(DATA LISTING):
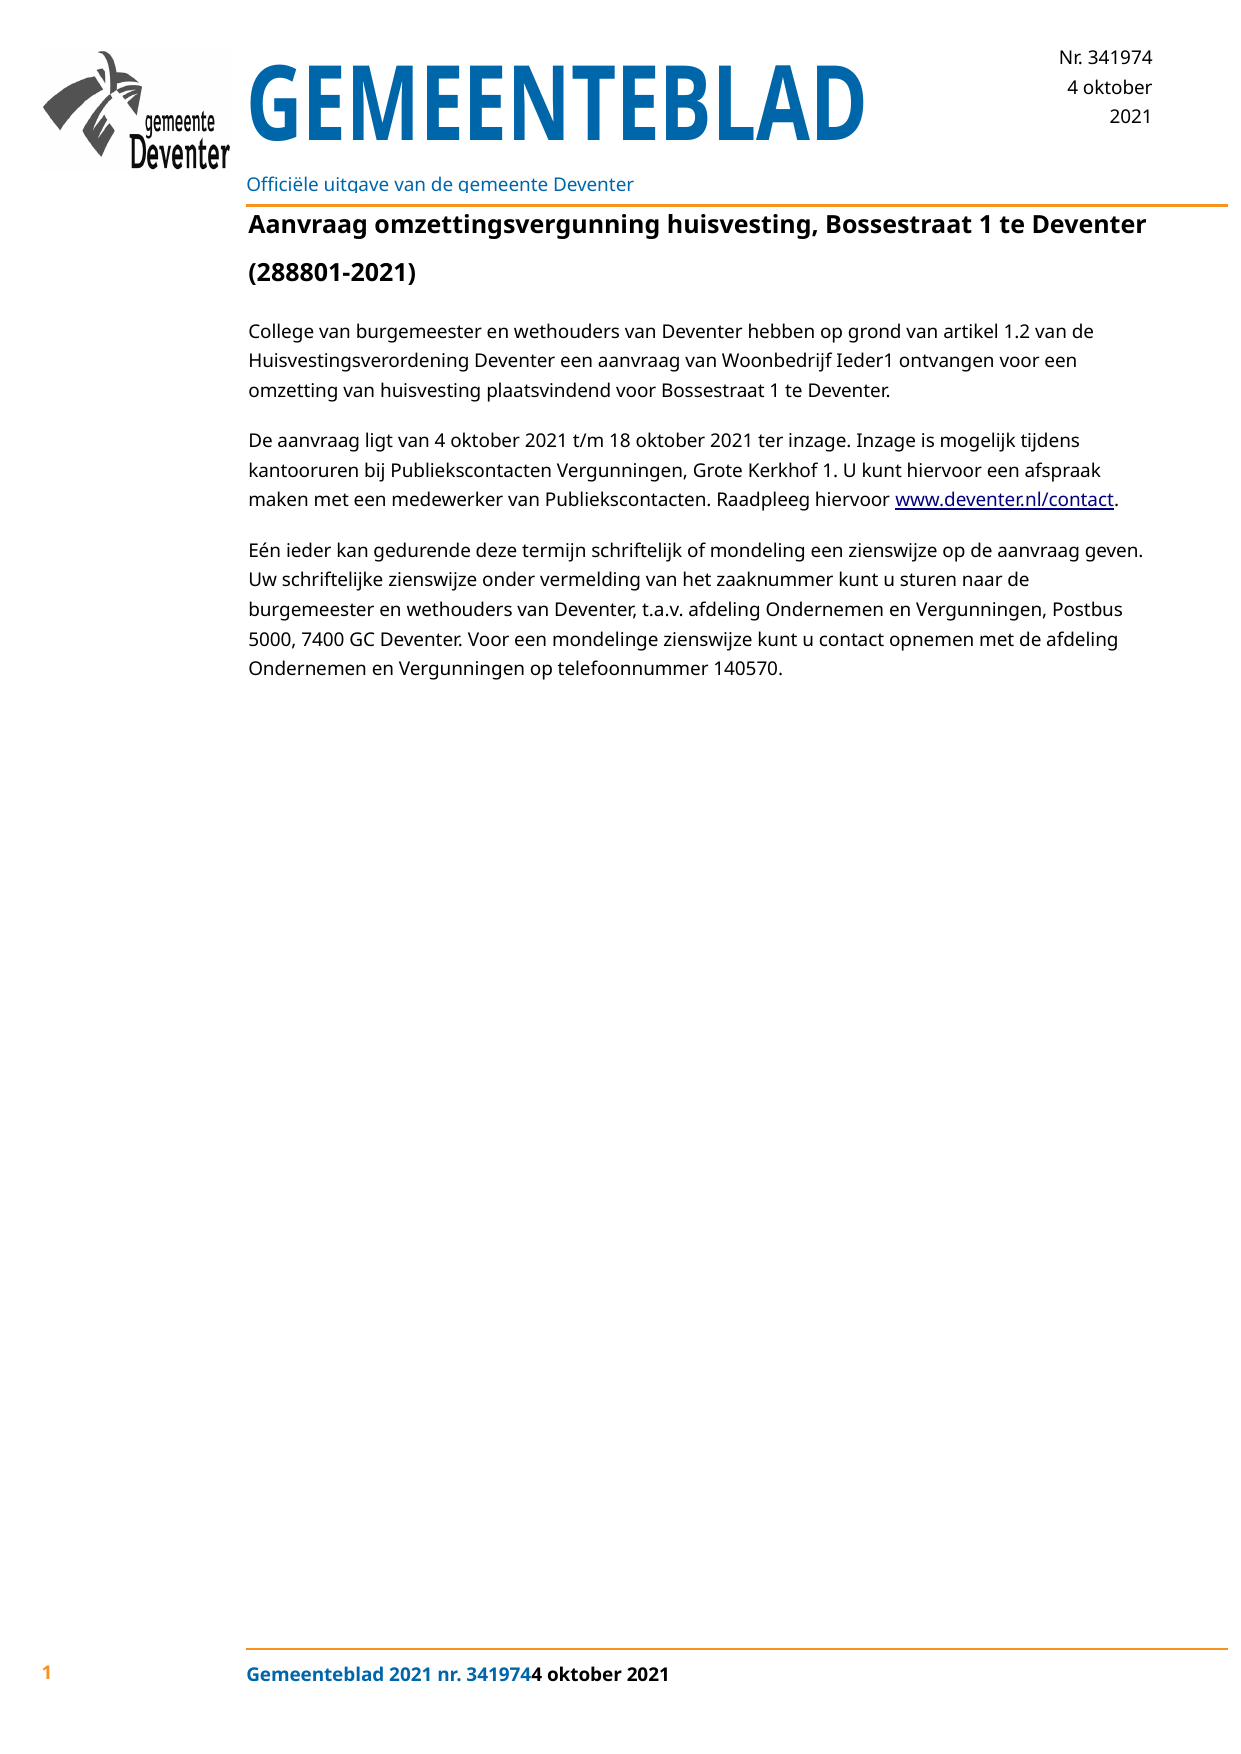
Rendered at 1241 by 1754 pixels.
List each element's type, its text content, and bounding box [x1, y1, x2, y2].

picture [41, 47, 231, 172]
text Eén ieder kan gedurende deze termijn schriftelijk of mondeling een zienswijze op de aanvraag geven. Uw schriftelijke zienswijze onder vermelding van het zaaknummer kunt u sturen naar de burgemeester en wethouders van Deventer, t.a.v. afdeling Ondernemen en Vergunningen, Postbus 5000, 7400 GC Deventer. Voor een mondelinge zienswijze kunt u contact opnemen met de afdeling Ondernemen en Vergunningen op telefoonnummer 140570. [248, 537, 1152, 681]
text College van burgemeester en wethouders van Deventer hebben op grond van artikel 1.2 van de Huisvestingsverordening Deventer een aanvraag van Woonbedrijf Ieder1 ontvangen voor een omzetting van huisvesting plaatsvindend voor Bossestraat 1 te Deventer. [248, 318, 1152, 403]
text Aanvraag omzettingsvergunning huisvesting, Bossestraat 1 te Deventer (288801-2021) [248, 207, 1152, 288]
text De aanvraag ligt van 4 oktober 2021 t/m 18 oktober 2021 ter inzage. Inzage is mogelijk tijdens kantooruren bij Publiekscontacten Vergunningen, Grote Kerkhof 1. U kunt hiervoor een afspraak maken met een medewerker van Publiekscontacten. Raadpleeg hiervoor www.deventer.nl/contact. [248, 427, 1152, 512]
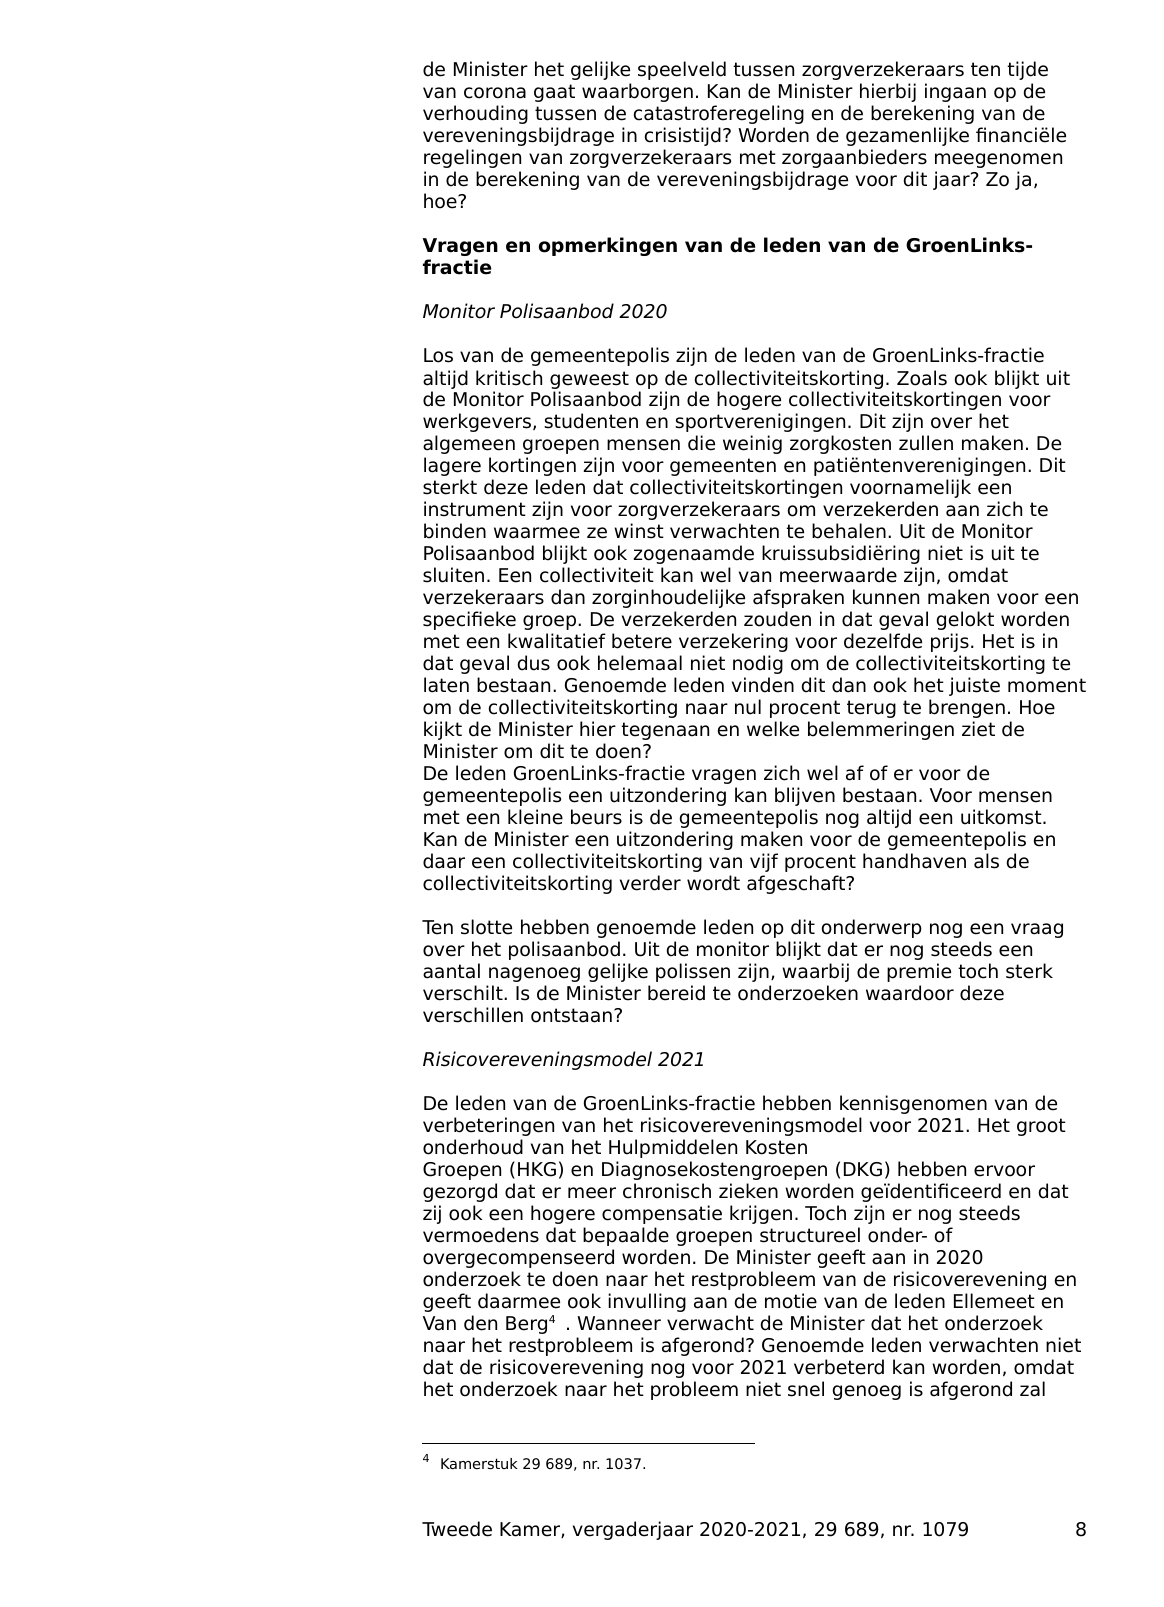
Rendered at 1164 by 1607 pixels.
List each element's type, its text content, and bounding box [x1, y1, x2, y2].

subtitle Risicovereveningsmodel 2021 [422, 1049, 1087, 1071]
text Groepen (HKG) en Diagnosekostengroepen (DKG) hebben ervoor gezorgd dat er meer chronisch zieken worden geïdentificeerd en dat zij ook een hogere compensatie krijgen. Toch zijn er nog steeds vermoedens dat bepaalde groepen structureel onder- of overgecompenseerd worden. De Minister geeft aan in 2020 onderzoek te doen naar het restprobleem van de risicoverevening en geeft daarmee ook invulling aan de motie van de leden Ellemeet en Van den Berg . Wanneer verwacht de Minister dat het onderzoek naar het restprobleem is afgerond? Genoemde leden verwachten niet dat de risicoverevening nog voor 2021 verbeterd kan worden, omdat het onderzoek naar het probleem niet snel genoeg is afgerond zal [422, 1159, 1087, 1401]
text Los van de gemeentepolis zijn de leden van de GroenLinks-fractie altijd kritisch geweest op de collectiviteitskorting. Zoals ook blijkt uit de Monitor Polisaanbod zijn de hogere collectiviteitskortingen voor werkgevers, studenten en sportverenigingen. Dit zijn over het algemeen groepen mensen die weinig zorgkosten zullen maken. De lagere kortingen zijn voor gemeenten en patiëntenverenigingen. Dit sterkt deze leden dat collectiviteitskortingen voornamelijk een instrument zijn voor zorgverzekeraars om verzekerden aan zich te binden waarmee ze winst verwachten te behalen. Uit de Monitor Polisaanbod blijkt ook zogenaamde kruissubsidiëring niet is uit te sluiten. Een collectiviteit kan wel van meerwaarde zijn, omdat verzekeraars dan zorginhoudelijke afspraken kunnen maken voor een specifieke groep. De verzekerden zouden in dat geval gelokt worden met een kwalitatief betere verzekering voor dezelfde prijs. Het is in dat geval dus ook helemaal niet nodig om de collectiviteitskorting te laten bestaan. Genoemde leden vinden dit dan ook het juiste moment om de collectiviteitskorting naar nul procent terug te brengen. Hoe kijkt de Minister hier tegenaan en welke belemmeringen ziet de Minister om dit te doen? [422, 345, 1087, 763]
text Ten slotte hebben genoemde leden op dit onderwerp nog een vraag over het polisaanbod. Uit de monitor blijkt dat er nog steeds een aantal nagenoeg gelijke polissen zijn, waarbij de premie toch sterk verschilt. Is de Minister bereid te onderzoeken waardoor deze verschillen ontstaan? [422, 917, 1087, 1027]
text Kamerstuk 29 689, nr. 1037. [422, 1452, 1087, 1474]
text De leden van de GroenLinks-fractie hebben kennisgenomen van de verbeteringen van het risicovereveningsmodel voor 2021. Het groot onderhoud van het Hulpmiddelen Kosten [422, 1093, 1087, 1159]
text de Minister het gelijke speelveld tussen zorgverzekeraars ten tijde van corona gaat waarborgen. Kan de Minister hierbij ingaan op de verhouding tussen de catastroferegeling en de berekening van de vereveningsbijdrage in crisistijd? Worden de gezamenlijke financiële regelingen van zorgverzekeraars met zorgaanbieders meegenomen in de berekening van de vereveningsbijdrage voor dit jaar? Zo ja, hoe? [422, 59, 1087, 213]
subtitle Monitor Polisaanbod 2020 [422, 301, 1087, 323]
text De leden GroenLinks-fractie vragen zich wel af of er voor de gemeentepolis een uitzondering kan blijven bestaan. Voor mensen met een kleine beurs is de gemeentepolis nog altijd een uitkomst. Kan de Minister een uitzondering maken voor de gemeentepolis en daar een collectiviteitskorting van vijf procent handhaven als de collectiviteitskorting verder wordt afgeschaft? [422, 763, 1087, 895]
subtitle Vragen en opmerkingen van de leden van de GroenLinks-fractie [422, 235, 1087, 279]

(EXERCISE REQUIREMENTS): Repeat the records above exactly. No pictures go into the repeat.

(ANSWER TO THIS PROBLEM):
Rendered at 1241 by 1754 pixels.
List each element's type, its text content, and bounding box [x1, y1, x2, y2].

picture [41, 47, 231, 172]
text Eén ieder kan gedurende deze termijn schriftelijk of mondeling een zienswijze op de aanvraag geven. Uw schriftelijke zienswijze onder vermelding van het zaaknummer kunt u sturen naar de burgemeester en wethouders van Deventer, t.a.v. afdeling Ondernemen en Vergunningen, Postbus 5000, 7400 GC Deventer. Voor een mondelinge zienswijze kunt u contact opnemen met de afdeling Ondernemen en Vergunningen op telefoonnummer 140570. [248, 537, 1152, 681]
text College van burgemeester en wethouders van Deventer hebben op grond van artikel 1.2 van de Huisvestingsverordening Deventer een aanvraag van Woonbedrijf Ieder1 ontvangen voor een omzetting van huisvesting plaatsvindend voor Bossestraat 1 te Deventer. [248, 318, 1152, 403]
text Aanvraag omzettingsvergunning huisvesting, Bossestraat 1 te Deventer (288801-2021) [248, 207, 1152, 288]
text De aanvraag ligt van 4 oktober 2021 t/m 18 oktober 2021 ter inzage. Inzage is mogelijk tijdens kantooruren bij Publiekscontacten Vergunningen, Grote Kerkhof 1. U kunt hiervoor een afspraak maken met een medewerker van Publiekscontacten. Raadpleeg hiervoor www.deventer.nl/contact. [248, 427, 1152, 512]
Rendered at 1164 by 1607 pixels.
List each element's type, its text content, and bounding box [x1, y1, x2, y2].

subtitle Risicovereveningsmodel 2021 [422, 1049, 1087, 1071]
text Groepen (HKG) en Diagnosekostengroepen (DKG) hebben ervoor gezorgd dat er meer chronisch zieken worden geïdentificeerd en dat zij ook een hogere compensatie krijgen. Toch zijn er nog steeds vermoedens dat bepaalde groepen structureel onder- of overgecompenseerd worden. De Minister geeft aan in 2020 onderzoek te doen naar het restprobleem van de risicoverevening en geeft daarmee ook invulling aan de motie van de leden Ellemeet en Van den Berg . Wanneer verwacht de Minister dat het onderzoek naar het restprobleem is afgerond? Genoemde leden verwachten niet dat de risicoverevening nog voor 2021 verbeterd kan worden, omdat het onderzoek naar het probleem niet snel genoeg is afgerond zal [422, 1159, 1087, 1401]
text Los van de gemeentepolis zijn de leden van de GroenLinks-fractie altijd kritisch geweest op de collectiviteitskorting. Zoals ook blijkt uit de Monitor Polisaanbod zijn de hogere collectiviteitskortingen voor werkgevers, studenten en sportverenigingen. Dit zijn over het algemeen groepen mensen die weinig zorgkosten zullen maken. De lagere kortingen zijn voor gemeenten en patiëntenverenigingen. Dit sterkt deze leden dat collectiviteitskortingen voornamelijk een instrument zijn voor zorgverzekeraars om verzekerden aan zich te binden waarmee ze winst verwachten te behalen. Uit de Monitor Polisaanbod blijkt ook zogenaamde kruissubsidiëring niet is uit te sluiten. Een collectiviteit kan wel van meerwaarde zijn, omdat verzekeraars dan zorginhoudelijke afspraken kunnen maken voor een specifieke groep. De verzekerden zouden in dat geval gelokt worden met een kwalitatief betere verzekering voor dezelfde prijs. Het is in dat geval dus ook helemaal niet nodig om de collectiviteitskorting te laten bestaan. Genoemde leden vinden dit dan ook het juiste moment om de collectiviteitskorting naar nul procent terug te brengen. Hoe kijkt de Minister hier tegenaan en welke belemmeringen ziet de Minister om dit te doen? [422, 345, 1087, 763]
text Ten slotte hebben genoemde leden op dit onderwerp nog een vraag over het polisaanbod. Uit de monitor blijkt dat er nog steeds een aantal nagenoeg gelijke polissen zijn, waarbij de premie toch sterk verschilt. Is de Minister bereid te onderzoeken waardoor deze verschillen ontstaan? [422, 917, 1087, 1027]
text Kamerstuk 29 689, nr. 1037. [422, 1452, 1087, 1474]
text De leden van de GroenLinks-fractie hebben kennisgenomen van de verbeteringen van het risicovereveningsmodel voor 2021. Het groot onderhoud van het Hulpmiddelen Kosten [422, 1093, 1087, 1159]
text de Minister het gelijke speelveld tussen zorgverzekeraars ten tijde van corona gaat waarborgen. Kan de Minister hierbij ingaan op de verhouding tussen de catastroferegeling en de berekening van de vereveningsbijdrage in crisistijd? Worden de gezamenlijke financiële regelingen van zorgverzekeraars met zorgaanbieders meegenomen in de berekening van de vereveningsbijdrage voor dit jaar? Zo ja, hoe? [422, 59, 1087, 213]
subtitle Monitor Polisaanbod 2020 [422, 301, 1087, 323]
text De leden GroenLinks-fractie vragen zich wel af of er voor de gemeentepolis een uitzondering kan blijven bestaan. Voor mensen met een kleine beurs is de gemeentepolis nog altijd een uitkomst. Kan de Minister een uitzondering maken voor de gemeentepolis en daar een collectiviteitskorting van vijf procent handhaven als de collectiviteitskorting verder wordt afgeschaft? [422, 763, 1087, 895]
subtitle Vragen en opmerkingen van de leden van de GroenLinks-fractie [422, 235, 1087, 279]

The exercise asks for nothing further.